Entropy and Risk Management
By Mithun Sridharan
In this article, I shall be dealing with the topic – Project Risk Management and demonstrate how one could find mathematical equivalents for an abstract methodology. Any project, large or small is associated with expected and unexpected problems. The analogy mentioned above could be derived from the Second Law of Thermodynamics. The Second law of thermodynamics deals with a concept : Entropy. Entropy, in short, is the amount of disorderliness of the system. Entropy is also a measure on the information contained in an system. In information technology, entropy is considered as the amount of uncertainty in an given system. This has a defined relation, “As the amount of information increases, the disorderliness of a system (entropy) decreases”.
Considering our project management scenario as a system, one could come up with a model system, comprising of micro and macro phases, each having a certain amount of entropy. Considering the information to be inversely proportional to the entropy (okay, almost inversely!), means to increase the information, through careful planning communication and monitoring the project progress would increase the information available to a project manager. This way, the entropy decreases. As uncertainty is proportional to risk, decreasing the entropy or increasing the information available, one could decrease surprises.

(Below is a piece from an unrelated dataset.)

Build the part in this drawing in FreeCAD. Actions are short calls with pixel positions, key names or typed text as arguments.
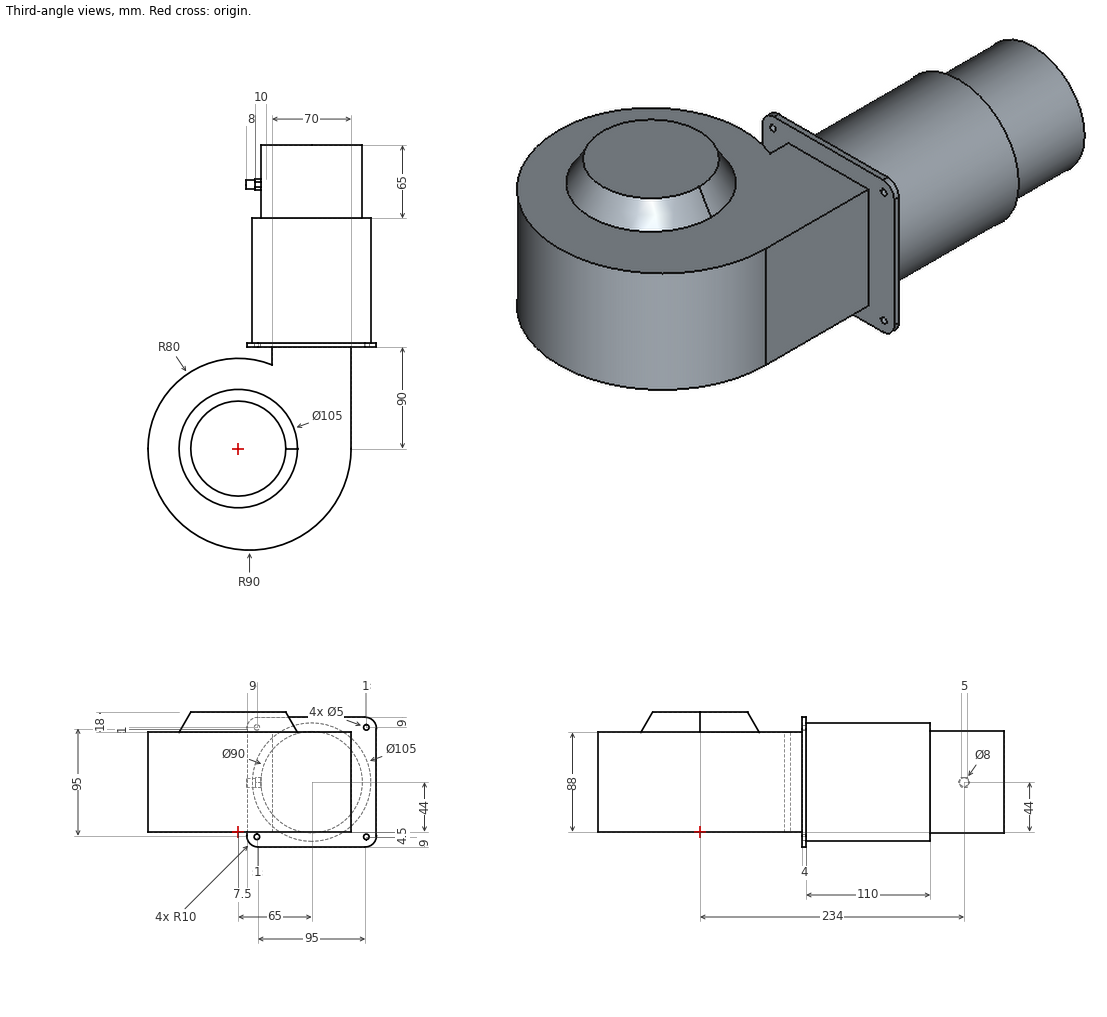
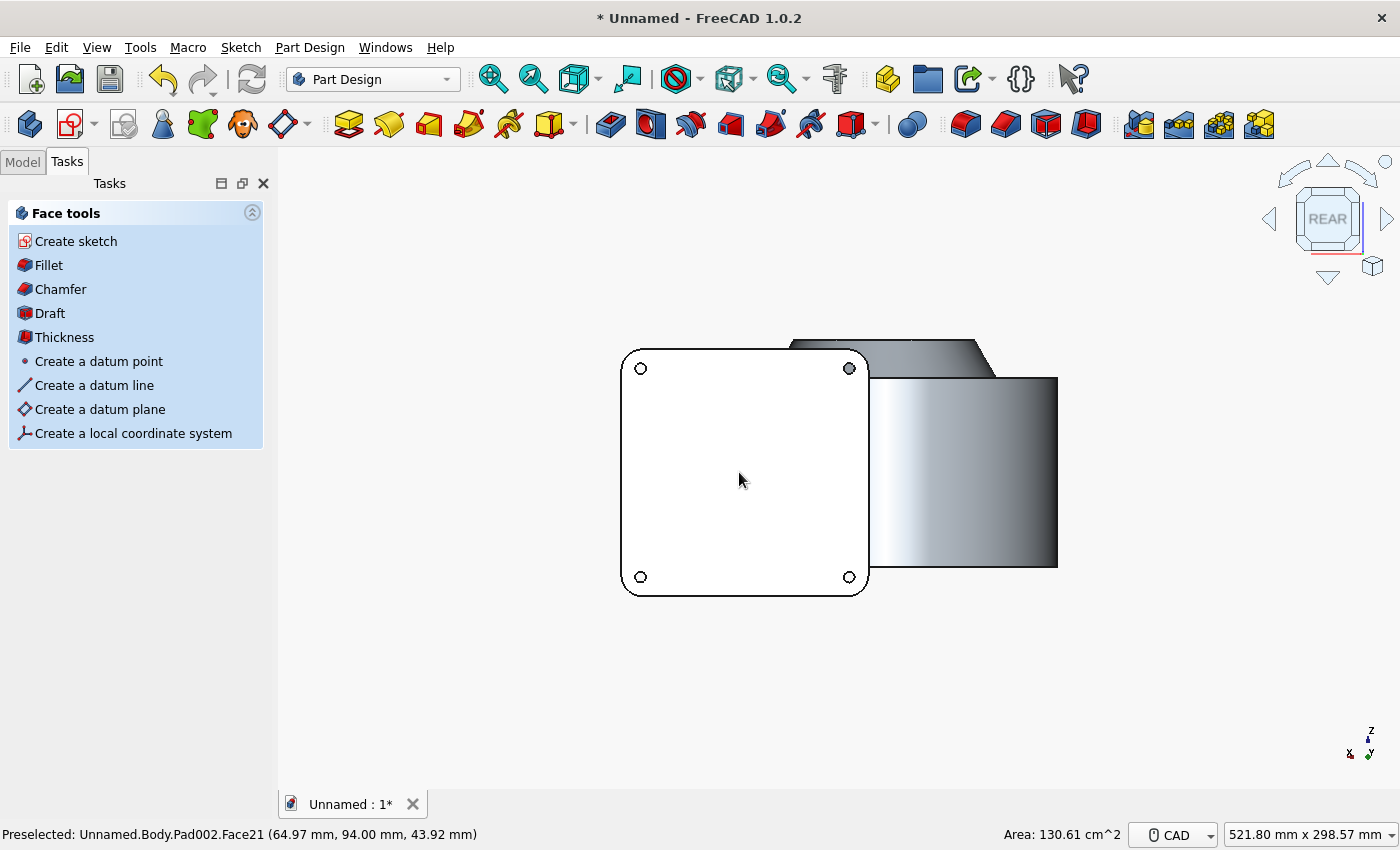
click(70, 124)

Projects typically follow a certain distribution, which is unique to the project as the project itself. This lends well to modeling the project using one of the several proven mathematical models of Information theory and study the progress to follow the distribution. If the project exhibits a pattern, then using the statistics, one could directly plug the values such as cost/schedule variances and/or other indites to monitor, track and optimistically, predict the project behavior.
The situation is much more complicated than the classical project management from the technological advancements, which are both a boon and a bane. With the Internet and Networking technology, the amount of information available has exponentially increased over the years, thereby increasing the entropy of the systems. Selective information processing and the indices available from the existing project management literature is no longer adequate. I’ll provide my standard IT example here. IT projects are technically much more demanding than the projects from the classical industry standard projects. We are talking about professional project management efforts in a very highly complicated and abstract technology, which has several abstract interfaces that could take any form depending upon the sub set of parameters that influence the outcome at any particular moment. Thus, studying entropy of such systems and observing the behavior to fit any standard distribution would help you close the gap between the existing high level of abstraction and the level of information to properly direct the project effort.

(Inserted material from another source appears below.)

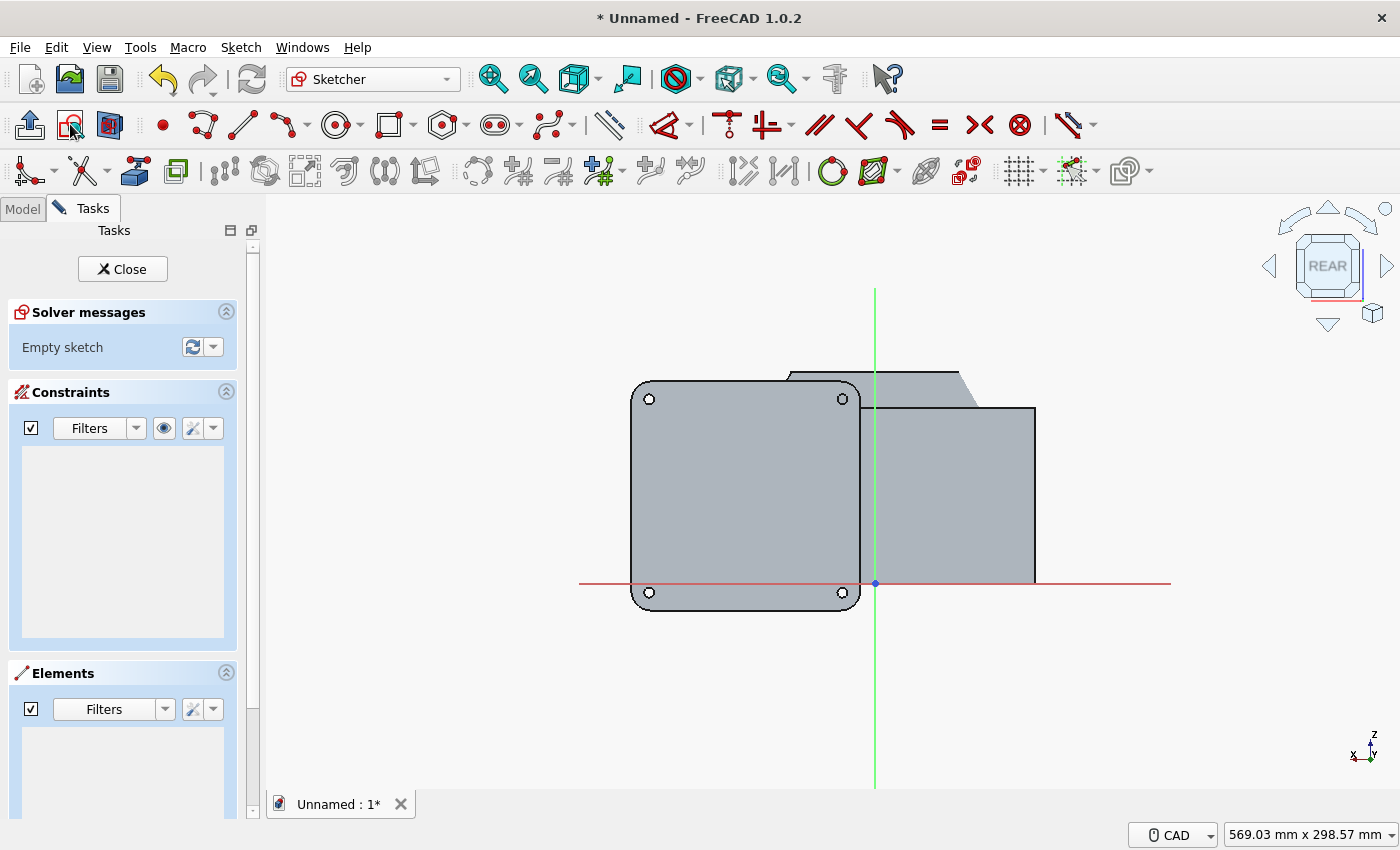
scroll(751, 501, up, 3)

Compliance is another project in IT projects, if not for no other reason, than the trotting status of IT projects. Technology has traditionally kept building itself over the existing infrastructure, but IT projects have proven to refute this standard behavior. Thus, compliance to the proven methodologies may need necessarily not prove a good project standing. An IT project may fall short of the expectations a day before going live. The kind of data available and its consumption as well as decision making also has a definitive complexity, which multiplies the project risk. Add to it, the fact that the computer programs have a life cycle of their own and that these programs “evolve” with time, its almost next to impossible to assign one particular behavior to IT projects. Additionally, the project team working on the program development may or may not outlive the software life time. There is a “human factor” to these projects, which is not time proven. We do not have the “legacy” as with other application areas.
Segmenting the project into micro and macro states, studying the individual parts and gathering the parameters of these and analyzing their fit in the “whole” such as a fine grained approach, without losing the information from the “coarse grained” paradigm would complement each other in projects of complexity as those mentioned above.
Mithun Sridharan works for the Independent Software Vendor (ISV) Engineering team for Sun Microsystems and is based in Walldorf, Germany. His interests include project management, poetry, general management, philosophy and chess. A PMP and an ardent blogger, he writes extensively on project management in his blog: Mithun’s Memoirs.